Now I have a few options in mind and you can choose the one that would be the best for you with least effort:
-
the people around I talk with mostly work at universities across Europe and have even Patreon or Youtube to share knowledge and spread and promote NVIDIA technologies and products, me personally is working on STEM education platform - like ChatGPT but with a lot of individual assistens and including real-time avatar with microphone communication in many European languages: Would it be possible if we have some association of universities and want to ask you for licensing cuFile for non-profit?
-
Microsoft GPUDirect: would it be possible to have 1:1 replacement of cuFile, and possibly GDS, with Microsoft GPUDirect? In Windows 11 it shows that our cards have it enabled and it is supported out of the box
-
Until we find some solution like licensing cuFile or adding it to CUDA TOOLKIT for Windows or letting someone finish Windows implementation, my idea how not to make everyone angry and stop them complaining here on forums or on Github, I brainstorm various solution with AI and one of them could look like this:
ChatGPT (gpt4-o) would read API documentation of header outline on your website and generate stubs. These stubs would then be cross-compiled for both Linux and Windows. But they would be placed just in Windows, somewhere on class path of Pytorch virtual environment. Now someone call any of these libraries from Windows Dev env (VS Code + PyTorch), this stub would act as a proxy design pattern and the function call with all parameters would be routed to WSL2 container (either using SSH or shared memory).

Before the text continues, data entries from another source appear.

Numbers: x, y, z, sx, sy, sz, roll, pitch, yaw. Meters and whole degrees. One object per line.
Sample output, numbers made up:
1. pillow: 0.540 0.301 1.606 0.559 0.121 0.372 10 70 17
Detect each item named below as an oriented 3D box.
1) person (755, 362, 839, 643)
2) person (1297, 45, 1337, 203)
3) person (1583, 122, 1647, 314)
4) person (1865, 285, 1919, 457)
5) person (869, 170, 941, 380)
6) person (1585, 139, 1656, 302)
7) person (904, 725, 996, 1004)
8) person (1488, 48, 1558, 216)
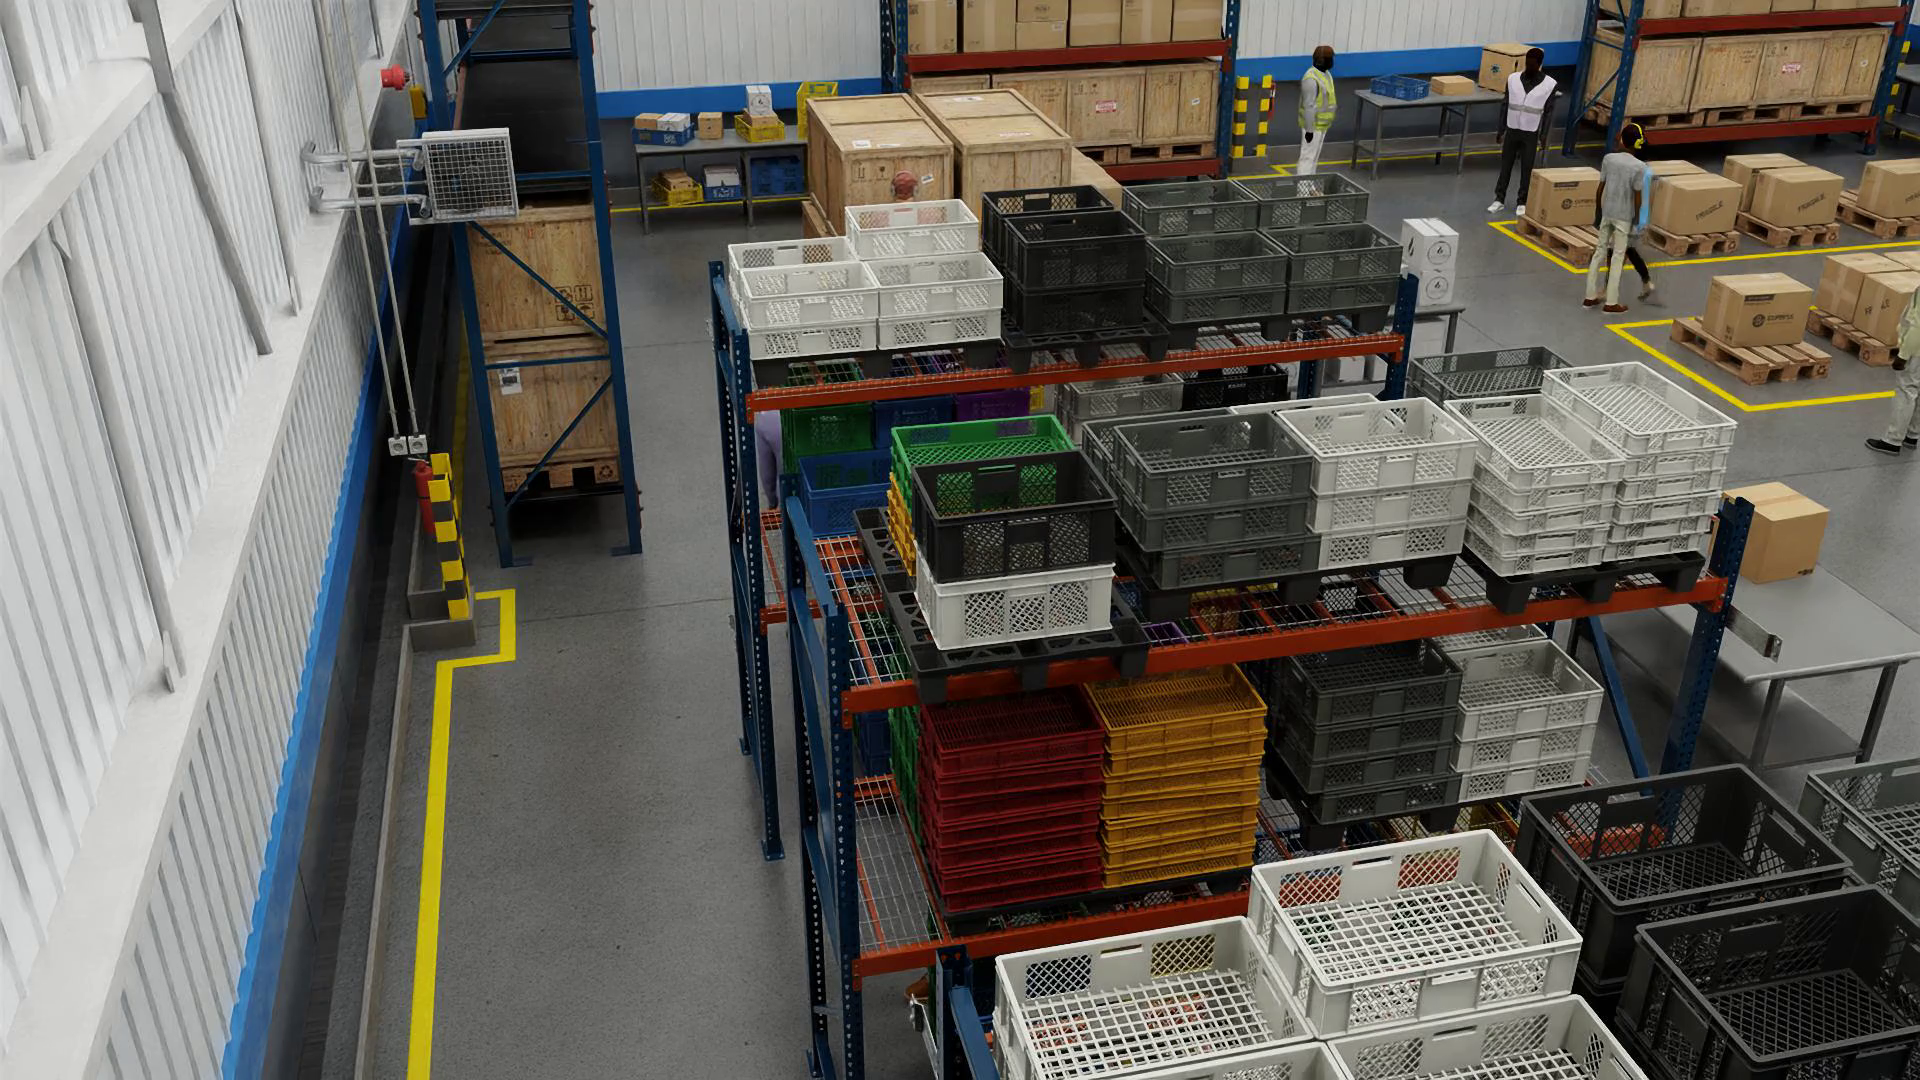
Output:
1. person: -0.977 -0.233 10.691 0.627 1.934 0.371 10 29 18
2. person: 4.210 -4.903 19.648 0.429 1.841 0.634 13 30 22
3. person: 6.447 -3.152 16.295 0.329 1.872 0.511 -18 33 -31
4. person: 7.707 -1.566 13.324 0.600 1.831 0.404 -16 32 -28
5. person: -0.481 -2.306 14.668 0.643 1.898 0.398 -4 28 -7
6. person: 6.690 -3.170 16.526 0.584 1.680 0.553 18 33 31
7. person: -0.011 1.430 7.588 0.358 1.883 0.572 -22 35 -35
8. person: 6.516 -4.727 19.238 0.587 1.913 0.391 16 32 27

The result would be then returned back to Host OS (Windows) to PyTorch. Therefore developers would focus on Windows only and CUDA TOOLKIT in WSL2 would act as background service. This would provide a seamless workflow and they should even know about it because it would be implemented in that way. So nobody would get angry anymore :-D
The high level outline of this solution is here: Project: Phantom CUDA Bridge · NANOTRIK-AI · Discussion #1 · GitHub
Thank you and have a nice day! And apologize that I probably made you stand up, off the chair, few times :-D
but now you know why it is not good to ask me where I read some claim, I have good memory, but it is difficult to find some nested page and also I am perfectionist so I get stuck in loop and it takes me 2-3 hours to provide some data and write some response.
The purpose of having more agressive stance was to express various frustrations of several people. It is midnight and I need to work on some AI now.